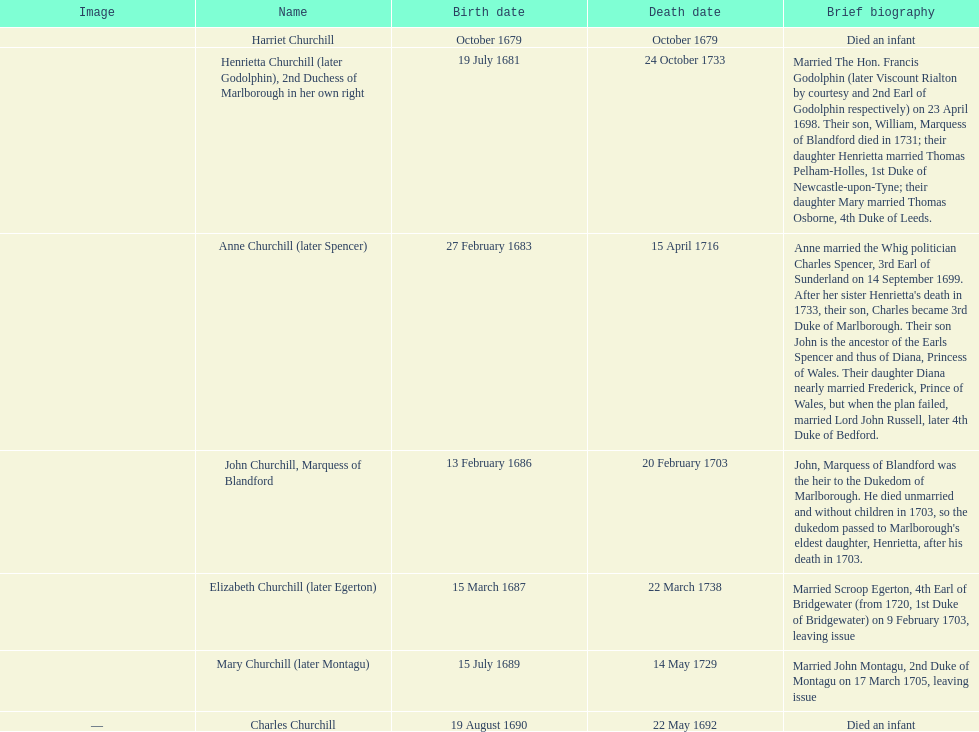Between mary churchill and elizabeth churchill, who was born earlier? Elizabeth Churchill. 
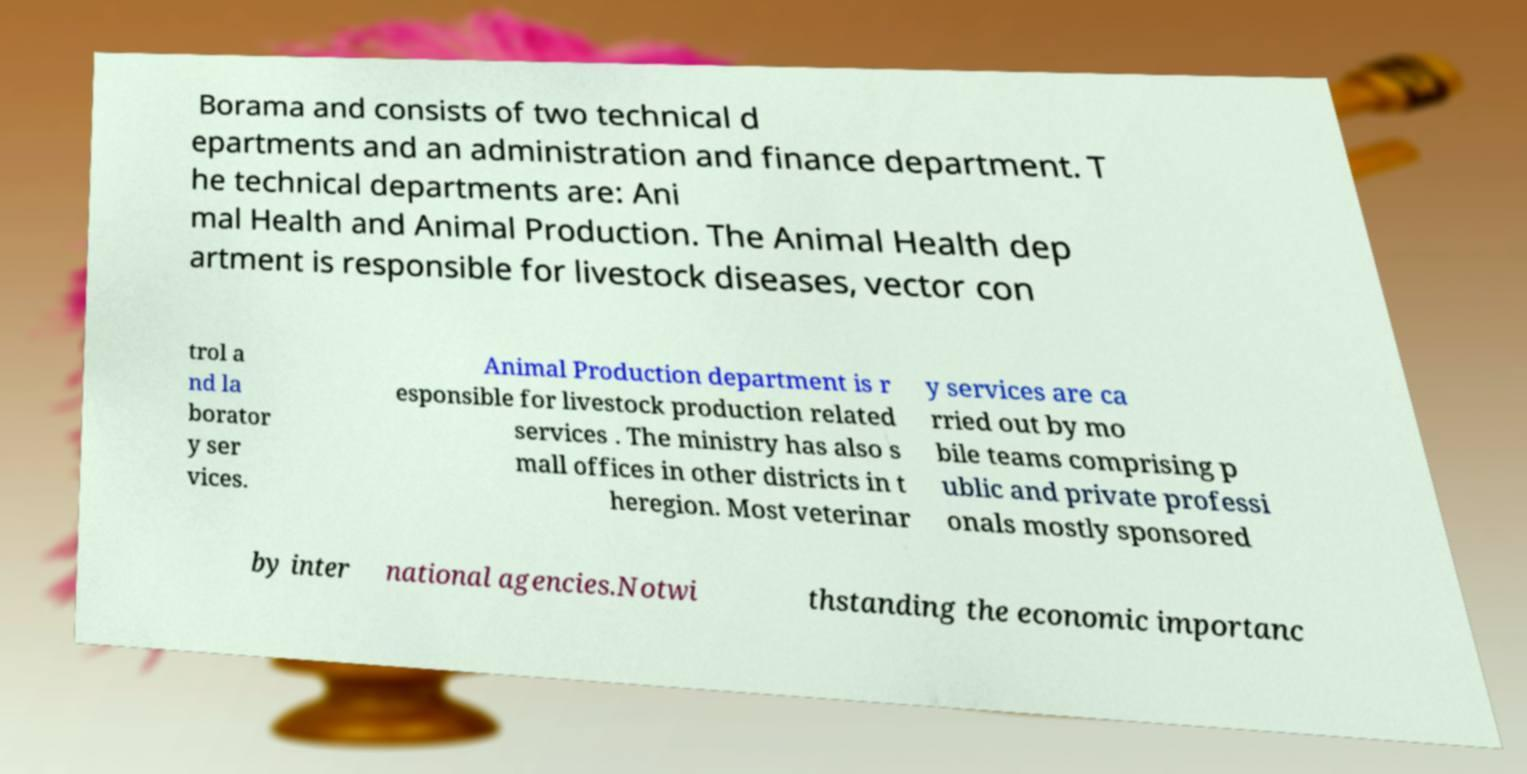Can you accurately transcribe the text from the provided image for me? Borama and consists of two technical d epartments and an administration and finance department. T he technical departments are: Ani mal Health and Animal Production. The Animal Health dep artment is responsible for livestock diseases, vector con trol a nd la borator y ser vices. Animal Production department is r esponsible for livestock production related services . The ministry has also s mall offices in other districts in t heregion. Most veterinar y services are ca rried out by mo bile teams comprising p ublic and private professi onals mostly sponsored by inter national agencies.Notwi thstanding the economic importanc 
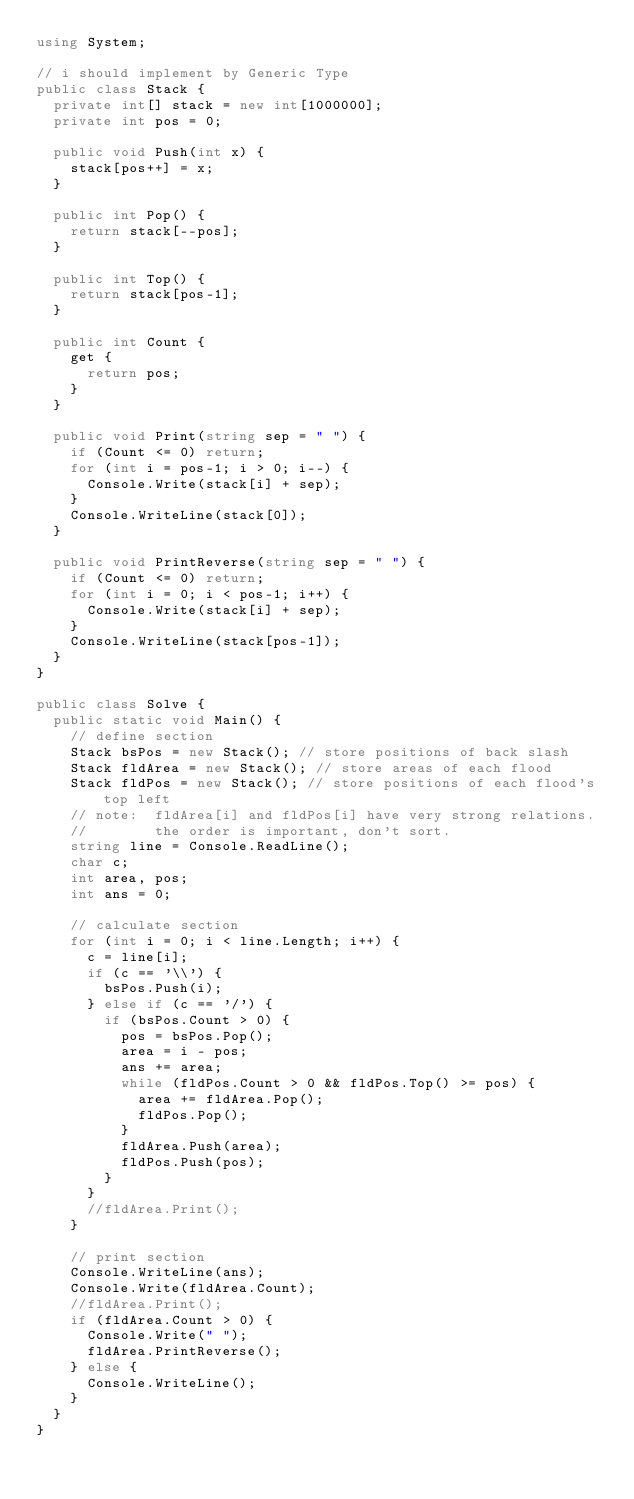Convert code to text. <code><loc_0><loc_0><loc_500><loc_500><_C#_>using System;

// i should implement by Generic Type
public class Stack {
  private int[] stack = new int[1000000];
  private int pos = 0;
  
  public void Push(int x) {
    stack[pos++] = x;
  }

  public int Pop() {
    return stack[--pos];
  }

  public int Top() {
    return stack[pos-1];
  }

  public int Count {
    get {
      return pos;
    }
  }

  public void Print(string sep = " ") {
    if (Count <= 0) return;
    for (int i = pos-1; i > 0; i--) {
      Console.Write(stack[i] + sep);
    }
    Console.WriteLine(stack[0]);
  }

  public void PrintReverse(string sep = " ") {
    if (Count <= 0) return;
    for (int i = 0; i < pos-1; i++) {
      Console.Write(stack[i] + sep);
    }
    Console.WriteLine(stack[pos-1]);
  }
}

public class Solve {
  public static void Main() {
    // define section
    Stack bsPos = new Stack(); // store positions of back slash  
    Stack fldArea = new Stack(); // store areas of each flood
    Stack fldPos = new Stack(); // store positions of each flood's top left
    // note:  fldArea[i] and fldPos[i] have very strong relations.
    //        the order is important, don't sort.
    string line = Console.ReadLine();
    char c;
    int area, pos;
    int ans = 0;
   
    // calculate section 
    for (int i = 0; i < line.Length; i++) {
      c = line[i];
      if (c == '\\') {
        bsPos.Push(i);
      } else if (c == '/') {
        if (bsPos.Count > 0) {
          pos = bsPos.Pop();
          area = i - pos;
          ans += area;
          while (fldPos.Count > 0 && fldPos.Top() >= pos) {
            area += fldArea.Pop();
            fldPos.Pop();  
          }
          fldArea.Push(area);
          fldPos.Push(pos);
        }
      }
      //fldArea.Print();
    }

    // print section
    Console.WriteLine(ans);
    Console.Write(fldArea.Count);
    //fldArea.Print();
    if (fldArea.Count > 0) {
      Console.Write(" ");
      fldArea.PrintReverse();
    } else {
      Console.WriteLine();
    }
  }
}


</code> 
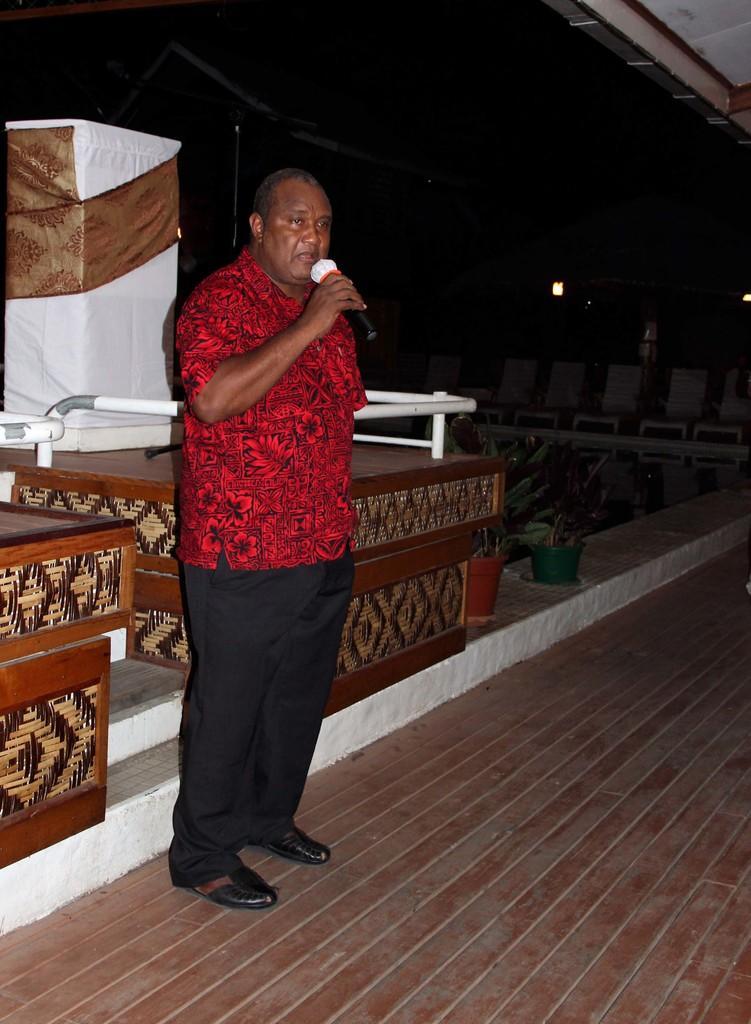Can you describe this image briefly? There is a man standing in the foreground area of the image, by holding a mic, it seems like a stage, plants and other objects in the background. 
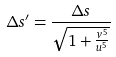Convert formula to latex. <formula><loc_0><loc_0><loc_500><loc_500>\Delta s ^ { \prime } = \frac { \Delta s } { \sqrt { 1 + \frac { v ^ { 5 } } { u ^ { 5 } } } }</formula> 
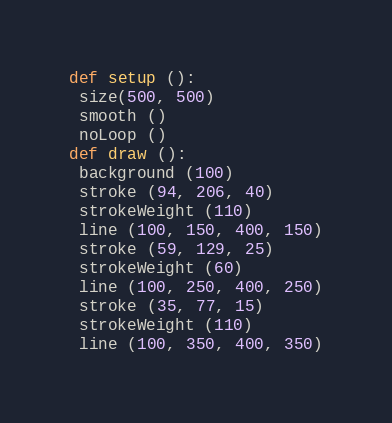Convert code to text. <code><loc_0><loc_0><loc_500><loc_500><_Python_>def setup ():
 size(500, 500)
 smooth ()
 noLoop ()
def draw ():
 background (100)
 stroke (94, 206, 40)
 strokeWeight (110)
 line (100, 150, 400, 150)
 stroke (59, 129, 25)
 strokeWeight (60)
 line (100, 250, 400, 250)
 stroke (35, 77, 15)
 strokeWeight (110)
 line (100, 350, 400, 350)
</code> 
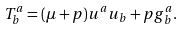<formula> <loc_0><loc_0><loc_500><loc_500>T ^ { a } _ { b } = ( \mu + p ) u ^ { a } u _ { b } + p g ^ { a } _ { b } .</formula> 
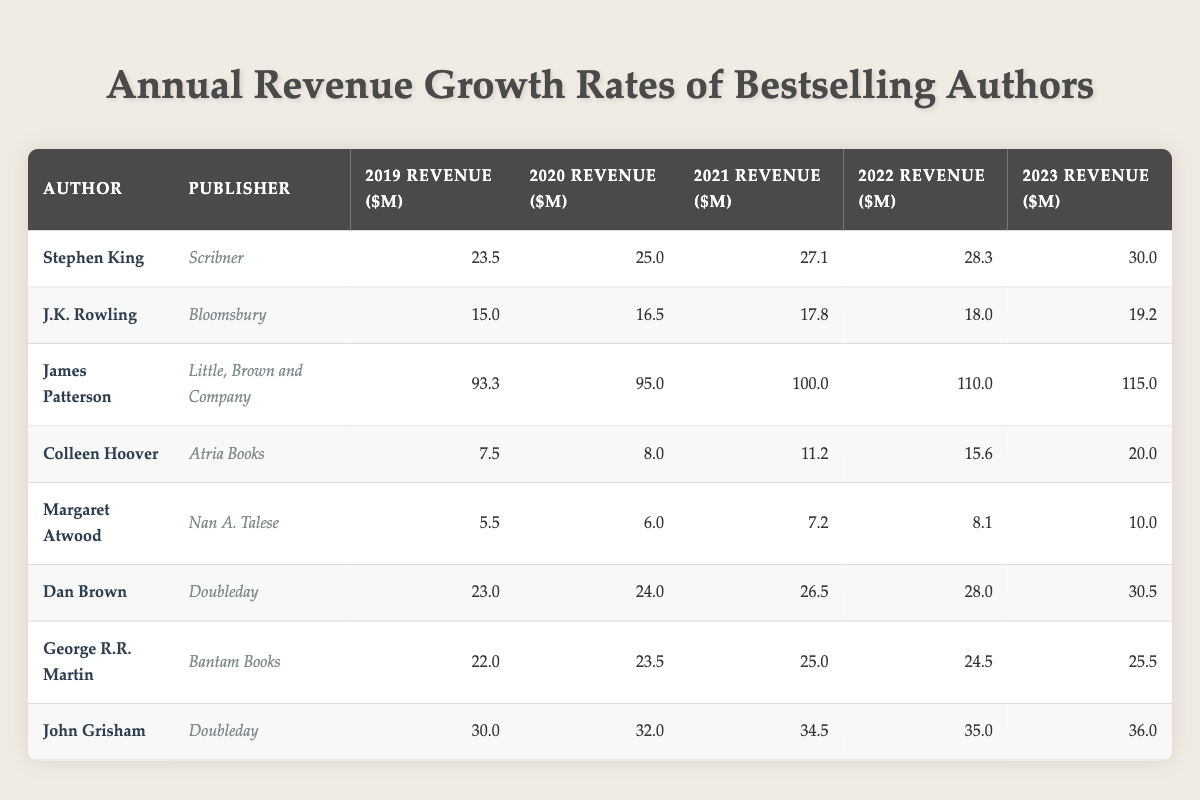What was the revenue of James Patterson in 2021? Looking at the row for James Patterson, the column for 2021 Revenue shows the value as 100.0
Answer: 100.0 Which author had the highest revenue in 2023? Reviewing the 2023 Revenue column, the highest value is 115.0 for James Patterson, which is greater than all other revenues in that year.
Answer: James Patterson What was the revenue growth for Stephen King from 2019 to 2023? To find the growth, subtract the 2019 Revenue (23.5) from the 2023 Revenue (30.0), giving us 30.0 - 23.5 = 6.5.
Answer: 6.5 Did Colleen Hoover have a revenue decrease in any year from 2019 to 2023? Examining the annual revenues for Colleen Hoover, they show an increase each year: 7.5, 8.0, 11.2, 15.6, and 20.0, indicating no decreases occurred.
Answer: No Calculate the average revenue for George R.R. Martin from 2019 to 2023. The revenues from 2019 to 2023 for George R.R. Martin are: 22.0, 23.5, 25.0, 24.5, and 25.5. Summing them gives 120.5, and dividing by 5 gives an average of 120.5 / 5 = 24.1.
Answer: 24.1 Which author had the highest growth rate from 2019 to 2023? First, calculate the growth of each author from 2019 to 2023. For example, Stephen King grew from 23.5 to 30.0, a growth of 6.5. Colleen Hoover grew from 7.5 to 20.0 (12.5), and James Patterson grew from 93.3 to 115.0 (21.7). Comparing these growths shows James Patterson had the highest growth rate.
Answer: James Patterson What was the total revenue for all authors in 2022? Adding the revenues for all authors from the 2022 column: 28.3 + 18.0 + 110.0 + 15.6 + 8.1 + 28.0 + 24.5 + 35.0 equals 339.5.
Answer: 339.5 Is it true that every author listed saw an increase in revenue from 2019 to 2023? Comparing the revenues from 2019 to 2023 for each author indicates all had increases, confirming the statement is true.
Answer: True

# How to complete this task:
Extract from the listing above the lines between the line containing "Console.WriteLine(stack[pos-1]);" and the line containing "ans += area;", keeping both of those lines. Output nothing else.

# Result:
    Console.WriteLine(stack[pos-1]);
  }
}

public class Solve {
  public static void Main() {
    // define section
    Stack bsPos = new Stack(); // store positions of back slash  
    Stack fldArea = new Stack(); // store areas of each flood
    Stack fldPos = new Stack(); // store positions of each flood's top left
    // note:  fldArea[i] and fldPos[i] have very strong relations.
    //        the order is important, don't sort.
    string line = Console.ReadLine();
    char c;
    int area, pos;
    int ans = 0;
   
    // calculate section 
    for (int i = 0; i < line.Length; i++) {
      c = line[i];
      if (c == '\\') {
        bsPos.Push(i);
      } else if (c == '/') {
        if (bsPos.Count > 0) {
          pos = bsPos.Pop();
          area = i - pos;
          ans += area;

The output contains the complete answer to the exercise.